As the laser scan might include extraneous points due to transparent surfaces (e.g., windows), we provide a binary mask to crop them (<visit_id>_crop_mask.npy).

iPad video sequences¶

Each scene is accompanied with iPad video sequences (three on average) and the related data assets. As an improvement upon original ARKitScenes, we provide a higher number of registered high resolution frames for each video sequence along with accurate COLMAP-estimated poses and Faro-rendered depth maps.

Furthermore, the provided high-resolution video frames are rotated so that the sky direction is up. As a result, frames may be in landscape (1920x1440) or portrait (1440x1920) orientation.

ARKit versus COLMAP poses¶

ARKit camera poses (lowres_poses.traj) are derived from the iPad's on-device ARKit world tracking. The original ARKitScenes dataset provides high-resolution iPad frames which are not temporally synchronized with these ARKit poses, thus rigid body motion interpolation needs to be performed to estimate the camera pose, which can introduce errors. When backprojecting from the iPad frames to the laser scan, this interpolation and ARKit’s inherent inaccuracies can lead to misalignment errors of approximately 1-2 cm in some cases.

To address this, we employ SuperGlue and COLMAP to estimate accurate camera poses in the Faro laser scan coordinate system (hires_poses.traj). As input for this pipeline, we sample high-resolution frames from the video sequences at 10 FPS (hires_wide).

The camera poses are stored in .traj files.
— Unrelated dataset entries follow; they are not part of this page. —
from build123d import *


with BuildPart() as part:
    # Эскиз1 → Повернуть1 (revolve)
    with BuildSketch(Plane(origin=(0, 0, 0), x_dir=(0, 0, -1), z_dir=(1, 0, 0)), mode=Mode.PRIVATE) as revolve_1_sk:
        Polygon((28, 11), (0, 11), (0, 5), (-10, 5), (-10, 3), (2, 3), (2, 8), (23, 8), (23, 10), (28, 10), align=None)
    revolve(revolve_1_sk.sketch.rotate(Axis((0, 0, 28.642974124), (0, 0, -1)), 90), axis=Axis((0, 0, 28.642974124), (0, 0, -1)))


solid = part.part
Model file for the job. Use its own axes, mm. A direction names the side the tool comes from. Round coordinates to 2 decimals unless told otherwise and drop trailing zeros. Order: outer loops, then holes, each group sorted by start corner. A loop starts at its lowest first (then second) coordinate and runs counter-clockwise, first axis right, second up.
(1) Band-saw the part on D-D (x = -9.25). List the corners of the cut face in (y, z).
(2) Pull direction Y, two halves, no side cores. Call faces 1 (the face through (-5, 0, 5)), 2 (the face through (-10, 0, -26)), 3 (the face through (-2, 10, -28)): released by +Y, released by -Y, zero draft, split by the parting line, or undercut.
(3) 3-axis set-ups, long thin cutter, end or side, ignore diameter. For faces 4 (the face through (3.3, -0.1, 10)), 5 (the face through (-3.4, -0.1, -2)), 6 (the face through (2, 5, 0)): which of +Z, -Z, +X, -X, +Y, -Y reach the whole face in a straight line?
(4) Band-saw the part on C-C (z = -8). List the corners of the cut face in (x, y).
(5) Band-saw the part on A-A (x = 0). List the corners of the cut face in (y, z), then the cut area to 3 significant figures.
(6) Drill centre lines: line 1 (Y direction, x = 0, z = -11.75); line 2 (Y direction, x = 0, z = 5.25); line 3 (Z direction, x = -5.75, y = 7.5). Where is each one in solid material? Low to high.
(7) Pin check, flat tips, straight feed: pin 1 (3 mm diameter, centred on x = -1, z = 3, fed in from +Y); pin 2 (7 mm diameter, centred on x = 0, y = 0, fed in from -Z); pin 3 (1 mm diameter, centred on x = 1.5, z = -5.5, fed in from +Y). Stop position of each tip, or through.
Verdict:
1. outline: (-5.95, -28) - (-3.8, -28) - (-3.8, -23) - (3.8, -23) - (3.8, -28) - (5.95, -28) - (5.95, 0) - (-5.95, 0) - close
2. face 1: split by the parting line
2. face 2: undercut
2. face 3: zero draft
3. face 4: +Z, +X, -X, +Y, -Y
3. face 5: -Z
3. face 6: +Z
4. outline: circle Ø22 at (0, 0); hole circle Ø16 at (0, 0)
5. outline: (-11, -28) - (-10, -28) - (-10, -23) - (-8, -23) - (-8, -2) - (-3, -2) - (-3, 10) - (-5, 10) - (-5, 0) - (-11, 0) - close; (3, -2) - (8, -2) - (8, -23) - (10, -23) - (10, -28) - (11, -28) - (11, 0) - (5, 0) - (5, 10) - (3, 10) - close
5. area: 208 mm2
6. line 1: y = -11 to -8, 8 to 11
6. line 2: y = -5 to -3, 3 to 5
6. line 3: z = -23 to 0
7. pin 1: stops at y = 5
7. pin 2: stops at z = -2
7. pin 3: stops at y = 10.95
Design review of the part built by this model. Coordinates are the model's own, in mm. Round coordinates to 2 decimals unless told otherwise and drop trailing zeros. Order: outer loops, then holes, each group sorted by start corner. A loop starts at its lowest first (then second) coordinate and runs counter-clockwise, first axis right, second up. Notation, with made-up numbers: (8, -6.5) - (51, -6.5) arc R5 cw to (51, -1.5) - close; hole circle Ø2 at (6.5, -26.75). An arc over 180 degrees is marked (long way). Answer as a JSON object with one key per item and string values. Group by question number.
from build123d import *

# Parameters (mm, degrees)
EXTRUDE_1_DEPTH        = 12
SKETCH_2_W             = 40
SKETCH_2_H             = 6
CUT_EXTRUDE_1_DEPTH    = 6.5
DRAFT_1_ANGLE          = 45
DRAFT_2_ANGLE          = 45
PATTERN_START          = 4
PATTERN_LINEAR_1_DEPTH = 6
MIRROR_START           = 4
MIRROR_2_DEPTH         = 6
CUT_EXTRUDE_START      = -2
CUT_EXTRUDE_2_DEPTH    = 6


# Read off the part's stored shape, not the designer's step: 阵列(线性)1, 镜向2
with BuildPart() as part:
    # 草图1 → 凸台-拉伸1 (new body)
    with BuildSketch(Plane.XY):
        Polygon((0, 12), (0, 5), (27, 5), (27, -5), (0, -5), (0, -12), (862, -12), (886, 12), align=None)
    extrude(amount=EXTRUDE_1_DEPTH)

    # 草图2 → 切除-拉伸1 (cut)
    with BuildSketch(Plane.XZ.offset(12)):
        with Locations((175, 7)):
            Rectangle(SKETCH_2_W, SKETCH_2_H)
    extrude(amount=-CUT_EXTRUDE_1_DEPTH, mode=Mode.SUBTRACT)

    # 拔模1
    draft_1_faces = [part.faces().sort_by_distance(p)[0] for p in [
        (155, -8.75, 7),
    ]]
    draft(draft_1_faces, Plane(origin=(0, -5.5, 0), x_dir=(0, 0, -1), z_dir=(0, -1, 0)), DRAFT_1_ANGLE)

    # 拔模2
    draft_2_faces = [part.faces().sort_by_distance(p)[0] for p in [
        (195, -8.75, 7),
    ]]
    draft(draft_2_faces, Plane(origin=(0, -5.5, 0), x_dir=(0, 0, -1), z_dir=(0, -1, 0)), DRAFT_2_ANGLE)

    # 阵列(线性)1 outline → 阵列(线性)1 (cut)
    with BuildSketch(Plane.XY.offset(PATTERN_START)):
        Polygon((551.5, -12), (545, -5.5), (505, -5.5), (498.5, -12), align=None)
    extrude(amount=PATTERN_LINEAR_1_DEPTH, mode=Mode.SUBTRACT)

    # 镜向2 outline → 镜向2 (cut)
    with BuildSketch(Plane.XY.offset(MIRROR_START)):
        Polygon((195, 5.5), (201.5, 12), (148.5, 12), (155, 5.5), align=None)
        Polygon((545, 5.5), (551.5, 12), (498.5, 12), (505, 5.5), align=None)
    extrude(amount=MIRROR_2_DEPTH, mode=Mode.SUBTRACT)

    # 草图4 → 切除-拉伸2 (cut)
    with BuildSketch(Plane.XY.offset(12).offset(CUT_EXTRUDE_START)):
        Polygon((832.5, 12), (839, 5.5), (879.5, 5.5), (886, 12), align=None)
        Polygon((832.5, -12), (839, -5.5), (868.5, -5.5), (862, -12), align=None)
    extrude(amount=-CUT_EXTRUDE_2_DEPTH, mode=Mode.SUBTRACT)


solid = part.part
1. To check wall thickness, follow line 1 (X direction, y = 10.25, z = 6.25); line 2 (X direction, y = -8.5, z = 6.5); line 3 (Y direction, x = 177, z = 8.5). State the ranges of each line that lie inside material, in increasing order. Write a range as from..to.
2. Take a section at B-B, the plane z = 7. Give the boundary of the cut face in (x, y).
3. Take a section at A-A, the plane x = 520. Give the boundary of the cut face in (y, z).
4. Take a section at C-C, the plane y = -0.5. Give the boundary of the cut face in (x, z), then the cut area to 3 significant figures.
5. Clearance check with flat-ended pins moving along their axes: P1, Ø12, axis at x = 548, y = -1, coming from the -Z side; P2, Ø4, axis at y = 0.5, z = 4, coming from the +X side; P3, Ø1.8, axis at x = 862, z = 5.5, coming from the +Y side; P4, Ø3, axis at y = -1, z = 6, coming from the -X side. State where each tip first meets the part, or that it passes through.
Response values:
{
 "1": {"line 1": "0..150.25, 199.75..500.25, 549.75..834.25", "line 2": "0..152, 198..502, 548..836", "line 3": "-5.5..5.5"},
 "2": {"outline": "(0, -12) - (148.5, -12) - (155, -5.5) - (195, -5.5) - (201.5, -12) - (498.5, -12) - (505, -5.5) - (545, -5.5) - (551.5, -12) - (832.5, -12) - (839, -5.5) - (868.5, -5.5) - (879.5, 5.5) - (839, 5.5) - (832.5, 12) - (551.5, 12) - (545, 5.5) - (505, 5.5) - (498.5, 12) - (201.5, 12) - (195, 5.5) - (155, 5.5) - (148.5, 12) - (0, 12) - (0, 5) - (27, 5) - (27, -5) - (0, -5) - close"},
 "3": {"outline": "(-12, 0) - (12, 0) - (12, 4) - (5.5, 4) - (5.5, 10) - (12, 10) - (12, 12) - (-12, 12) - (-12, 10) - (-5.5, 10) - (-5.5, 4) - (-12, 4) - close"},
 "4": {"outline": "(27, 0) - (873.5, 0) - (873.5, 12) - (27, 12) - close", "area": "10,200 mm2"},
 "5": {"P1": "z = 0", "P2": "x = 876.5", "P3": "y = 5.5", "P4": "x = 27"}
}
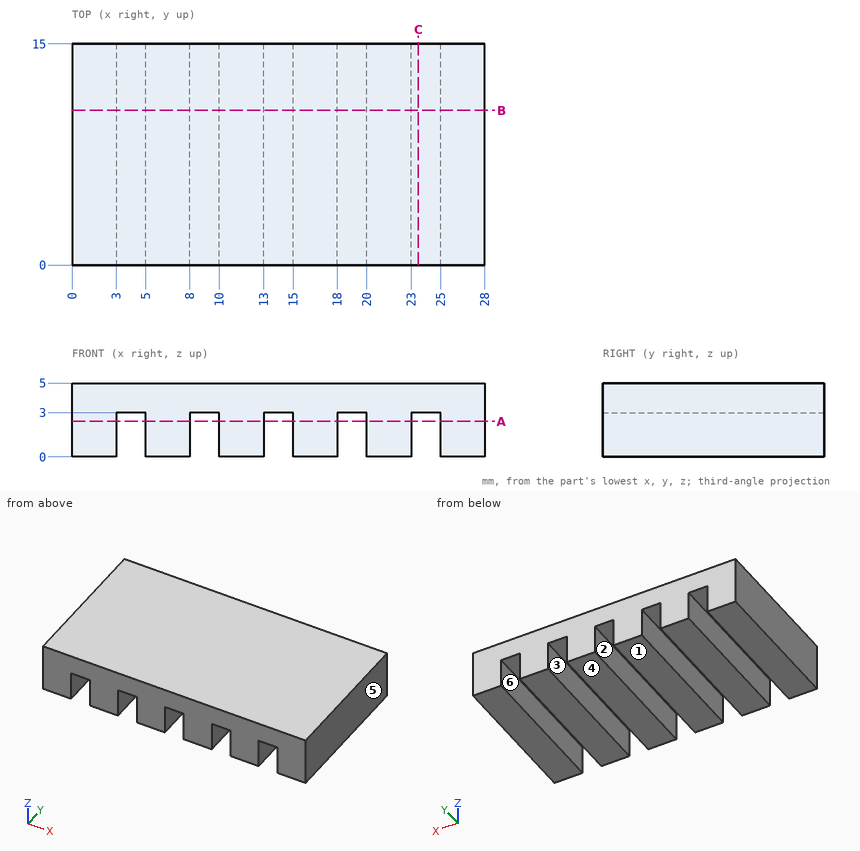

These files contain a line for each pose

.traj files

timestamp angle_axis_x angle_axis_y angle_axis_z translation_x translation_y translation_z
...

Column 1 contains the timestamp, columns 2-4 contain the rotation in angle-axis representation (in radians) and columns 5-7 contain the translation (in meters). These files can be easily parsed by utilizing our Toolkit's data parser.

The .traj files can be easily parsed with our toolkit.

Camera intrinsics¶

For each image, the intrinsic matrix is stored in a .pincam file. This file contains a single space-delimited line of text with the following fields:

<video_id>_<timestamp>.pincam

width height focal_length_x focal_length_y principal_point_x principal_point_y

The .pincam files can be easily parsed with our toolkit.